- _Exercise description_
Every entry should come back exactly as written, minus the pictures.

*** Data records Section Begins ***

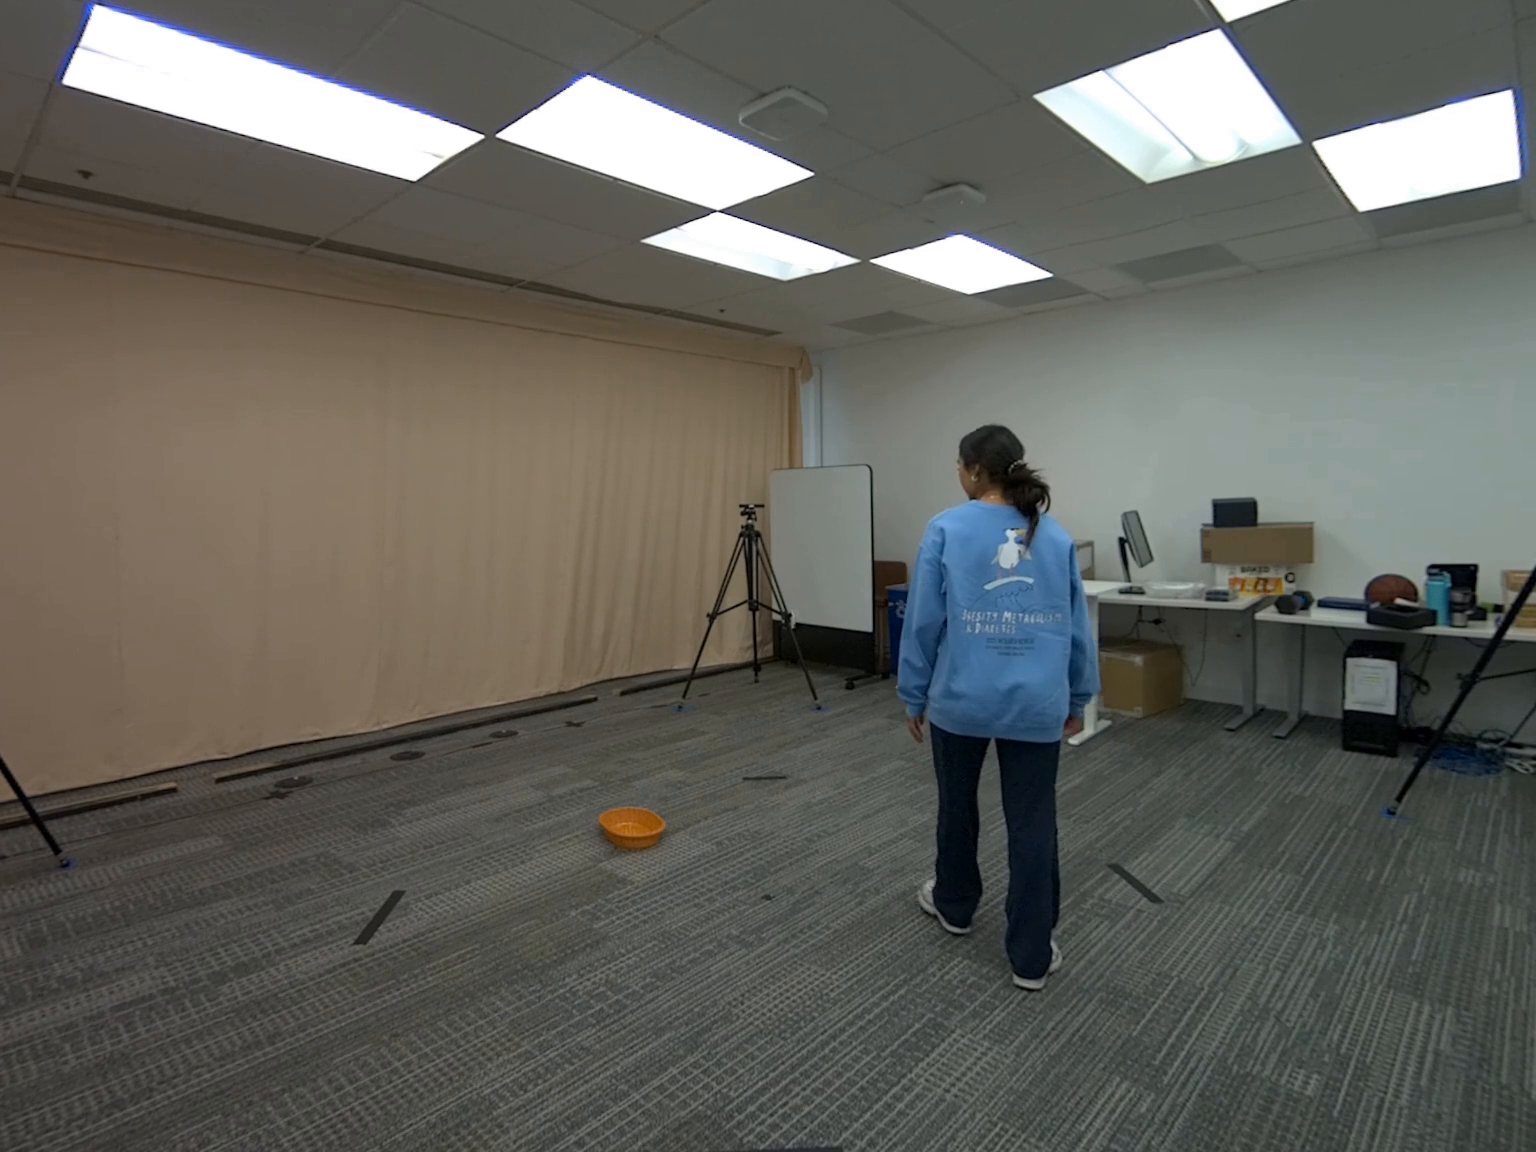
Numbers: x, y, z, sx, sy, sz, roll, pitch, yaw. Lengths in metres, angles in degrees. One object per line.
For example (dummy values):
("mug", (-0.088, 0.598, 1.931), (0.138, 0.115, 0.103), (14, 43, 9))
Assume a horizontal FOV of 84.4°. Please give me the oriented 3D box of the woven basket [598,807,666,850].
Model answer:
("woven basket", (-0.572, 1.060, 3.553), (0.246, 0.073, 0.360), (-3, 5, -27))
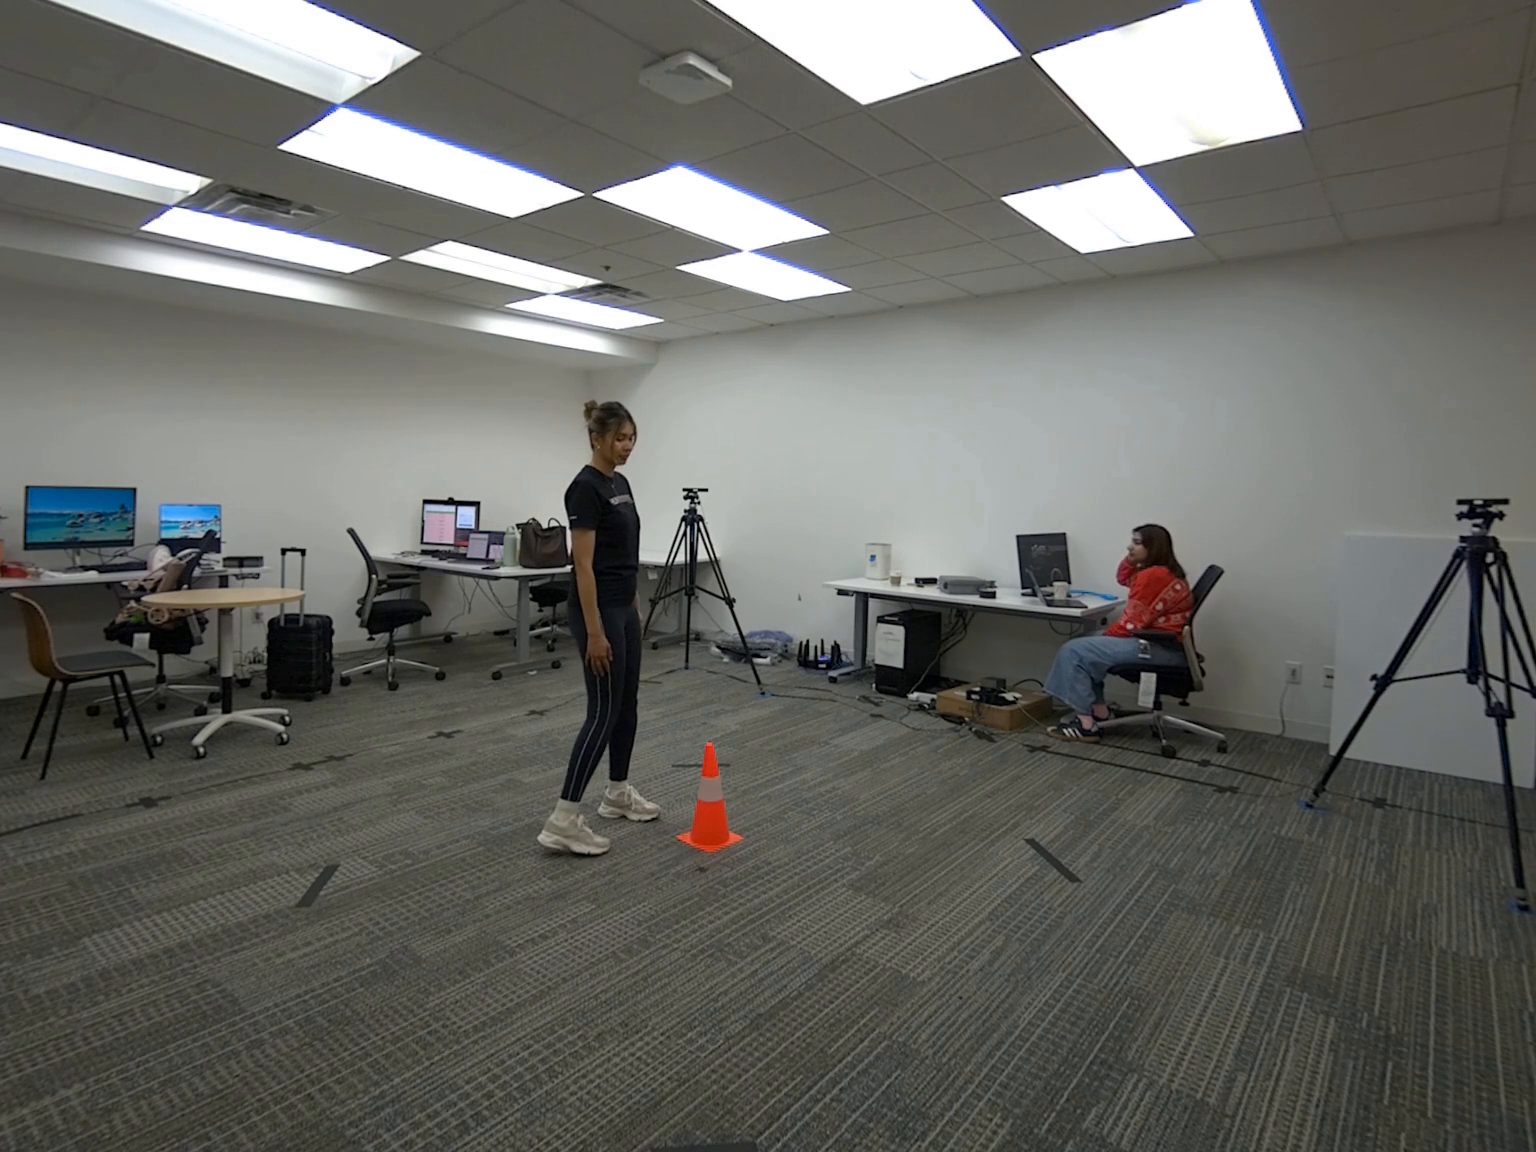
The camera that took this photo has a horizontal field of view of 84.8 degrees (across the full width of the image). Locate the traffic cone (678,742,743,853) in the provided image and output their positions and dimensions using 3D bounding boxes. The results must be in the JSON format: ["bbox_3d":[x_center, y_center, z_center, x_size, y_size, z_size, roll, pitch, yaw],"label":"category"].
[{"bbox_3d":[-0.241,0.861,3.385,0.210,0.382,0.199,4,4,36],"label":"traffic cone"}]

*** Data records Section Ends ***

- _Written response_
Numbers: x, y, z, sx, sy, sz, roll, pitch, yaw. Lengths in metres, angles in degrees. One object per line.
For example (dummy values):
("mug", (-0.088, 0.598, 1.931), (0.138, 0.115, 0.103), (14, 43, 9))
Assume a horizontal FOV of 84.4°. Please give me the oriented 3D box of the woven basket [598,807,666,850].
Model answer:
("woven basket", (-0.572, 1.060, 3.553), (0.246, 0.073, 0.360), (-3, 5, -27))
The camera that took this photo has a horizontal field of view of 84.8 degrees (across the full width of the image). Locate the traffic cone (678,742,743,853) in the provided image and output their positions and dimensions using 3D bounding boxes. The results must be in the JSON format: ["bbox_3d":[x_center, y_center, z_center, x_size, y_size, z_size, roll, pitch, yaw],"label":"category"].
[{"bbox_3d":[-0.241,0.861,3.385,0.210,0.382,0.199,4,4,36],"label":"traffic cone"}]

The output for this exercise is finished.